Consider the parameters and hyper-parameters of each model at each (re)run and after checking the efficiency of a model against the training and test datasets.

In [0]:
model = RandomForestClassifier()
print(model)

In [None]:
# Fit the Model

In [0]:
model.fit(X_train, y_train)

# Verify and Evaluate the Training Model
-  We used  the **training** data to make predictions, check for overfitting, and to determine the appropriate metrix for modelling.
- This is classification problem the typical metrics are Confusion matrix, accuracy, precision/recall, ROC

In [0]:
def show_summary_report(actual, prediction):

    if isinstance(actual, pd.Series):
        actual = actual.values.astype(int)
    prediction = prediction.astype(int)

    print('Accuracy : %.4f [TP / N] Proportion of predicted labels that match the true labels. Best: 1, Worst: 0' % accuracy_score(actual, prediction))
    print('Precision: %.4f [TP / (TP + FP)] Not to label a negative sample as positive.        Best: 1, Worst: 0' % precision_score(actual, prediction))
    print('Recall   : %.4f [TP / (TP + FN)] Find all the positive samples.                     Best: 1, Worst: 0' % recall_score(actual, prediction))
    print('ROC AUC  : %.4f                                                                     Best: 1, Worst: < 0.5' % roc_auc_score(actual, prediction))
    print('-' * 107)
    print('TP: True Positives, FP: False Positives, TN: True Negatives, FN: False Negatives, N: Number of samples')

    # Confusion Matrix
    mat = confusion_matrix(actual, prediction)

    # Precision/Recall
    precision, recall, _ = precision_recall_curve(actual, prediction)
    average_precision = average_precision_score(actual, prediction)
    
    # Compute ROC curve and ROC area
    fpr, tpr, _ = roc_curve(actual, prediction)
    roc_auc = auc(fpr, tpr)


    # plot
    fig, ax = plt.subplots(1, 3, figsize = (18, 6))
    fig.subplots_adjust(left = 0.02, right = 0.98, wspace = 0.2)

    # Confusion Matrix
    sns.heatmap(mat.T, square = True, annot = True, fmt = 'd', cbar = False, cmap = 'Blues', ax = ax[0])

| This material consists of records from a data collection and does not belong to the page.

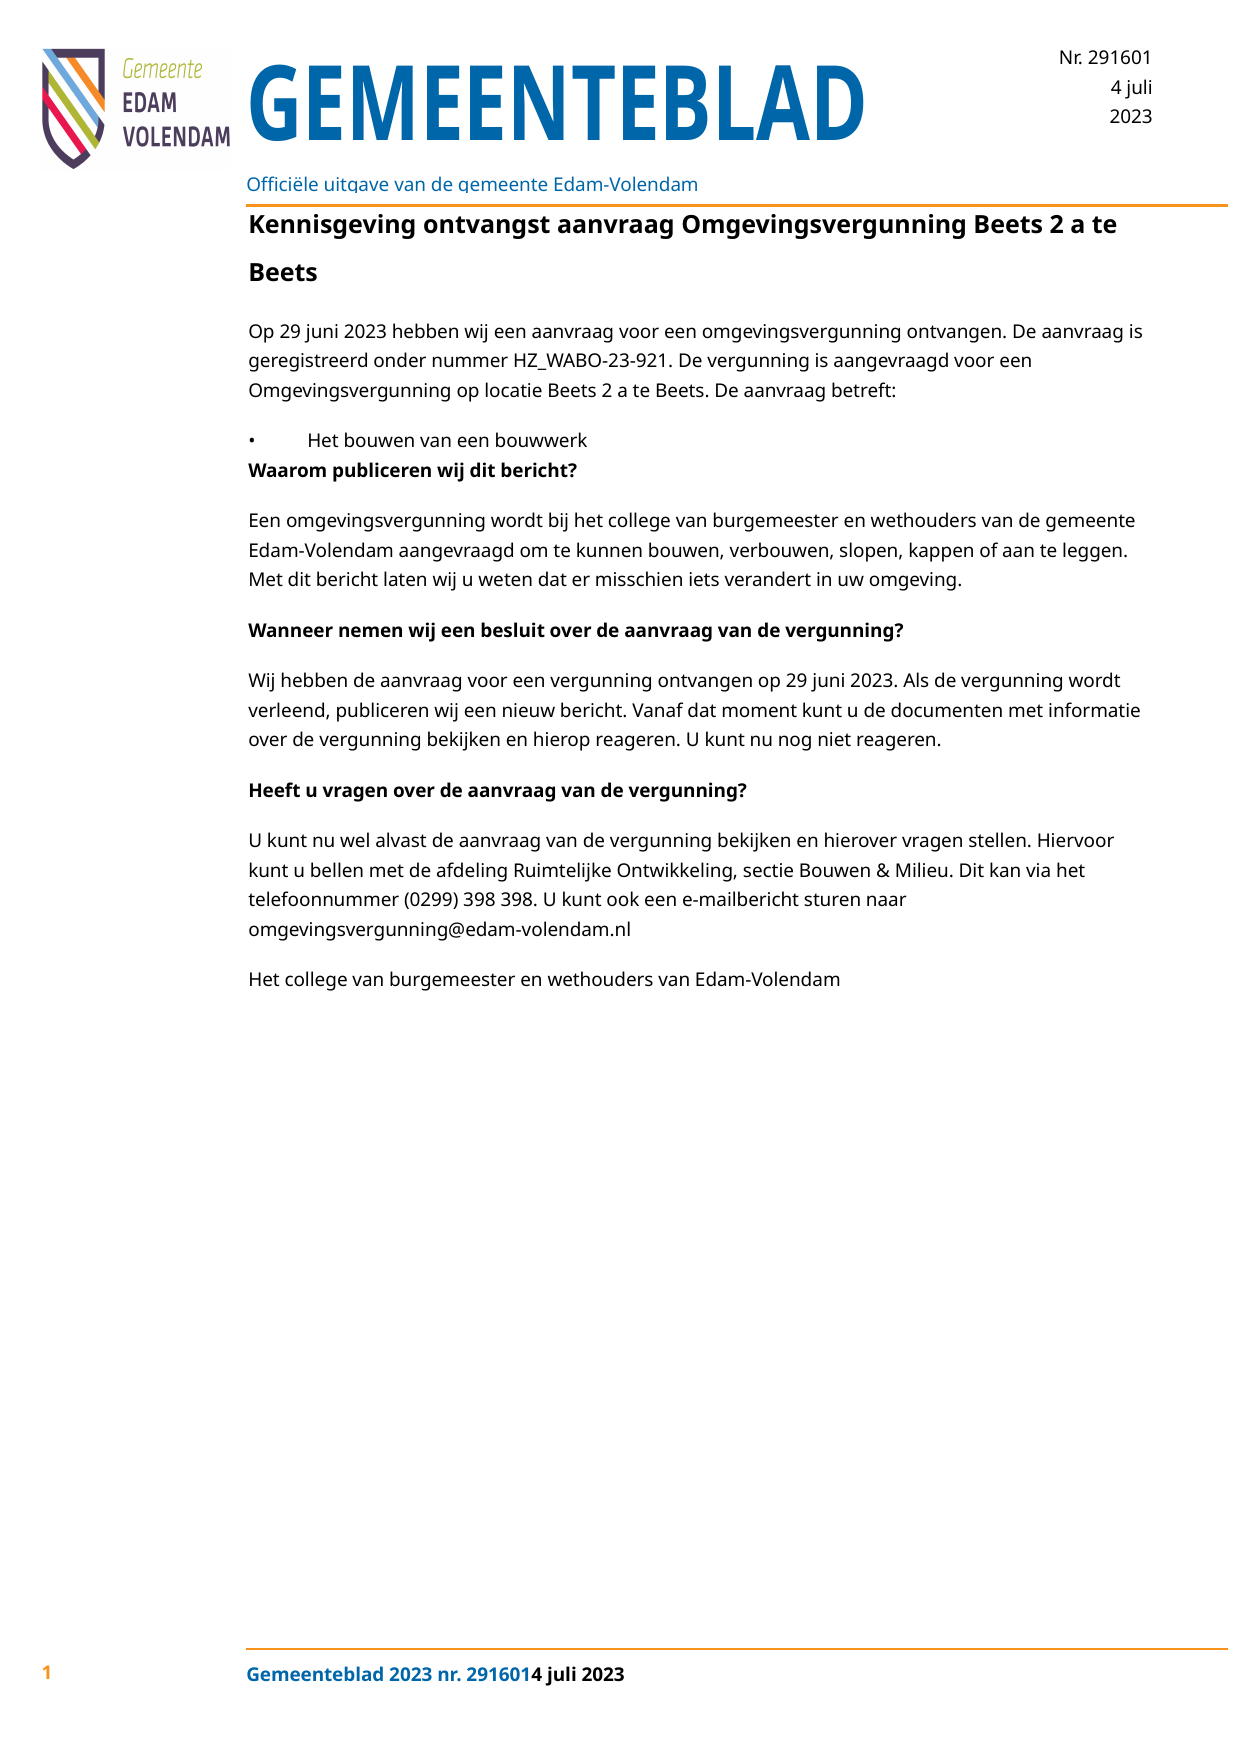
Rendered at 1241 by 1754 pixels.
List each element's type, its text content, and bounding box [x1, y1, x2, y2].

text Waarom publiceren wij dit bericht? [248, 457, 1152, 483]
text U kunt nu wel alvast de aanvraag van de vergunning bekijken en hierover vragen stellen. Hiervoor kunt u bellen met de afdeling Ruimtelijke Ontwikkeling, sectie Bouwen & Milieu. Dit kan via het telefoonnummer (0299) 398 398. U kunt ook een e-mailbericht sturen naar omgevingsvergunning@edam-volendam.nl [248, 827, 1152, 942]
text Op 29 juni 2023 hebben wij een aanvraag voor een omgevingsvergunning ontvangen. De aanvraag is geregistreerd onder nummer HZ_WABO-23-921. De vergunning is aangevraagd voor een Omgevingsvergunning op locatie Beets 2 a te Beets. De aanvraag betreft: [248, 318, 1152, 403]
text Een omgevingsvergunning wordt bij het college van burgemeester en wethouders van de gemeente Edam-Volendam aangevraagd om te kunnen bouwen, verbouwen, slopen, kappen of aan te leggen. Met dit bericht laten wij u weten dat er misschien iets verandert in uw omgeving. [248, 507, 1152, 592]
text Het college van burgemeester en wethouders van Edam-Volendam [248, 967, 1152, 992]
list Het bouwen van een bouwwerk [248, 427, 1152, 453]
text Kennisgeving ontvangst aanvraag Omgevingsvergunning Beets 2 a te Beets [248, 207, 1152, 288]
text Heeft u vragen over de aanvraag van de vergunning? [248, 777, 1152, 803]
text Wij hebben de aanvraag voor een vergunning ontvangen op 29 juni 2023. Als de vergunning wordt verleend, publiceren wij een nieuw bericht. Vanaf dat moment kunt u de documenten met informatie over de vergunning bekijken en hierop reageren. U kunt nu nog niet reageren. [248, 667, 1152, 752]
text Wanneer nemen wij een besluit over de aanvraag van de vergunning? [248, 617, 1152, 643]
picture [41, 47, 231, 172]

    ax[0].set_title('Confusion Matrix')
    ax[0].set_xlabel('True label')
    ax[0].set_ylabel('Predicted label')
    
    # Precision/Recall
    step_kwargs = {'step': 'post'}
    ax[1].step(recall, precision, color = 'b', alpha = 0.2, where = 'post')
    ax[1].fill_between(recall, precision, alpha = 0.2, color = 'b', **step_kwargs)
    ax[1].set_ylim([0.0, 1.0])
    ax[1].set_xlim([0.0, 1.0])
    ax[1].set_xlabel('Recall')
    ax[1].set_ylabel('Precision')
    ax[1].set_title('2-class Precision-Recall curve')

    # ROC
    ax[2].plot(fpr, tpr, color = 'darkorange', lw = 2, label = 'ROC curve (AUC = %0.2f)' % roc_auc)
    ax[2].plot([0, 1], [0, 1], color = 'navy', lw = 2, linestyle = '--')
    ax[2].set_xlim([0.0, 1.0])
    ax[2].set_ylim([0.0, 1.0])
    ax[2].set_xlabel('False Positive Rate')
    ax[2].set_ylabel('True Positive Rate')
    ax[2].set_title('Receiver Operating Characteristic')
    ax[2].legend(loc = 'lower right')

    plt.show()

- The baseline results (minimum) are:
    - **Accuracy** = 0.7419
    - **ROC AUC**  = 0.6150


In [0]:
y_train_pred = model.predict(X_train)

In [0]:
show_summary_report(y_train, y_train_pred)

In [None]:
# Make Predictions and Evaluate the Test Model

In [0]:
y_test_pred = model.predict(X_test)

In [0]:
show_summary_report(y_test, y_test_pred)

In [None]:
# Solve the Problem or Answer the Question
The model can be used to answer (predict) if a person make a donation in March of 2007.